At this point people either abandon the process or follow it and the work suffers.
(I lied about the "insta" part)
I've had the privilege of either working for myself, the company that acquired mine and let me run the dev, or at Google. From that perspective, and what I understand about ops, the rarity is not having the attitude mentioned in the parent.
Plus, managing humans in a 'rat out' system would be incredibly inefficient. Now you need lots of employees just to listen to the ratting!
I seem to recall an EC2 or S3 outage a few years ago that boiled down to an engineer pushing out a patch that broke an entire region when it was supposed to be a phased deployment.
I could be mis-remembering that but it's important that these lessons be applied across the whole company (at least AWS) so it would be a bigger mark against AWS if this is a result of similar tooling to what caused a previous outage.
(Source: am a self-identified post-mortems connoisseur. :)
Is mere extra training the right solution here?
Maybe they need something like the procedure that's used in missile silos:
Not allowing the shutdown system to function at all without the explicit authorization of least two people.
That's a lot more than just extra training, and a lot better than a two-key system.
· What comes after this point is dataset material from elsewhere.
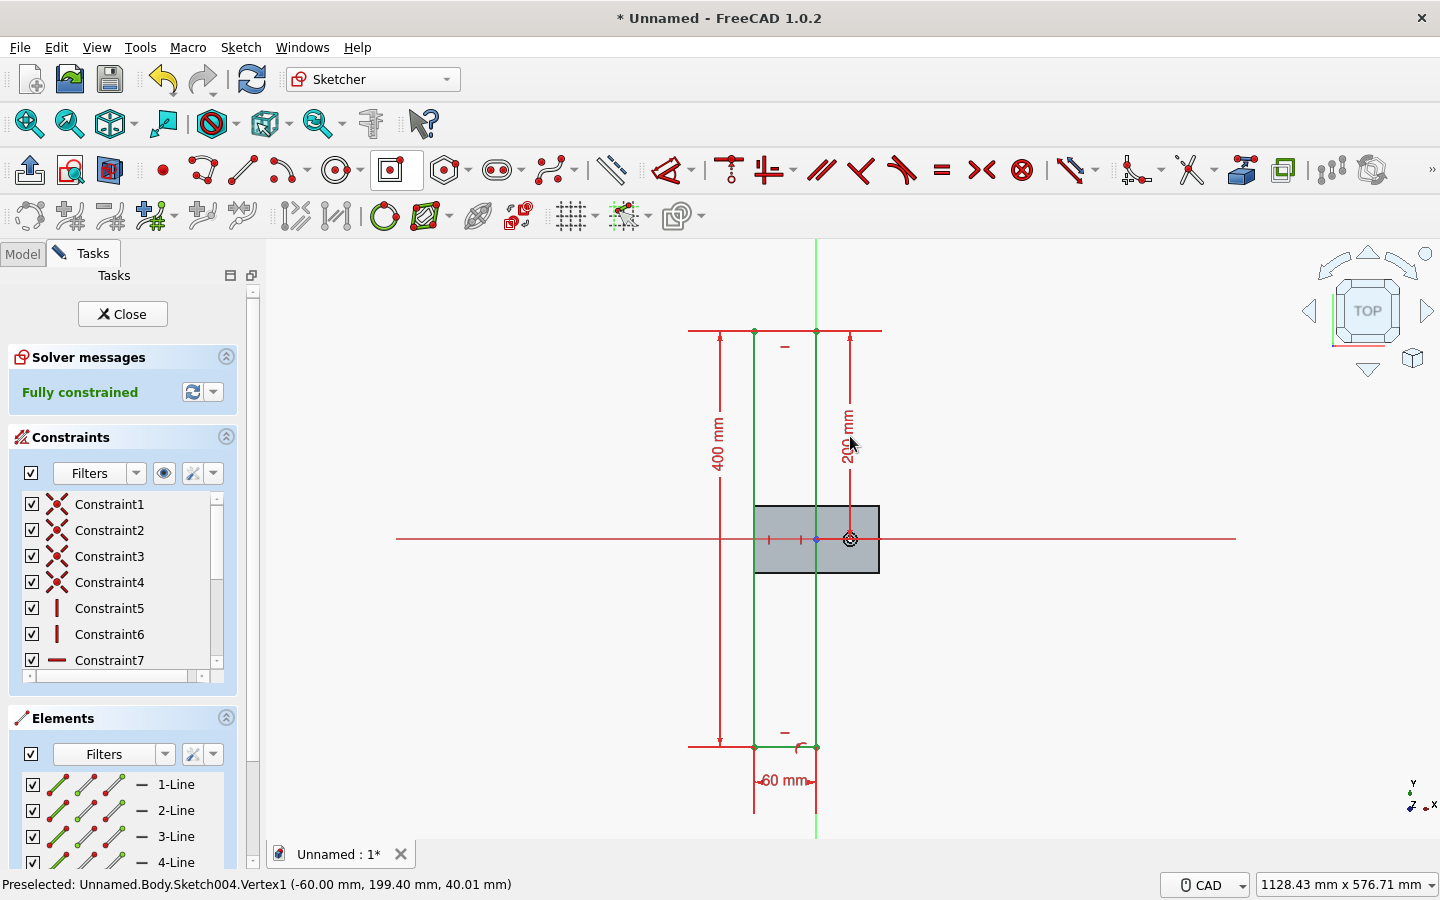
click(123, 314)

Probably a bad example. The system was a pain in the ass, so they went and circumvented some of its restrictions.
> Those in the U.S. that had been fitted with the devices, such as ones in the Minuteman Silos, were installed under the close scrutiny of Robert McNamara, JFK's Secretary of Defence. However, The Strategic Air Command greatly resented McNamara's presence and almost as soon as he left, the code to launch the missile's, all 50 of them, was set to 00000000.
> Oh, and in case you actually did forget the code, it was handily written down on a checklist handed out to the soldiers.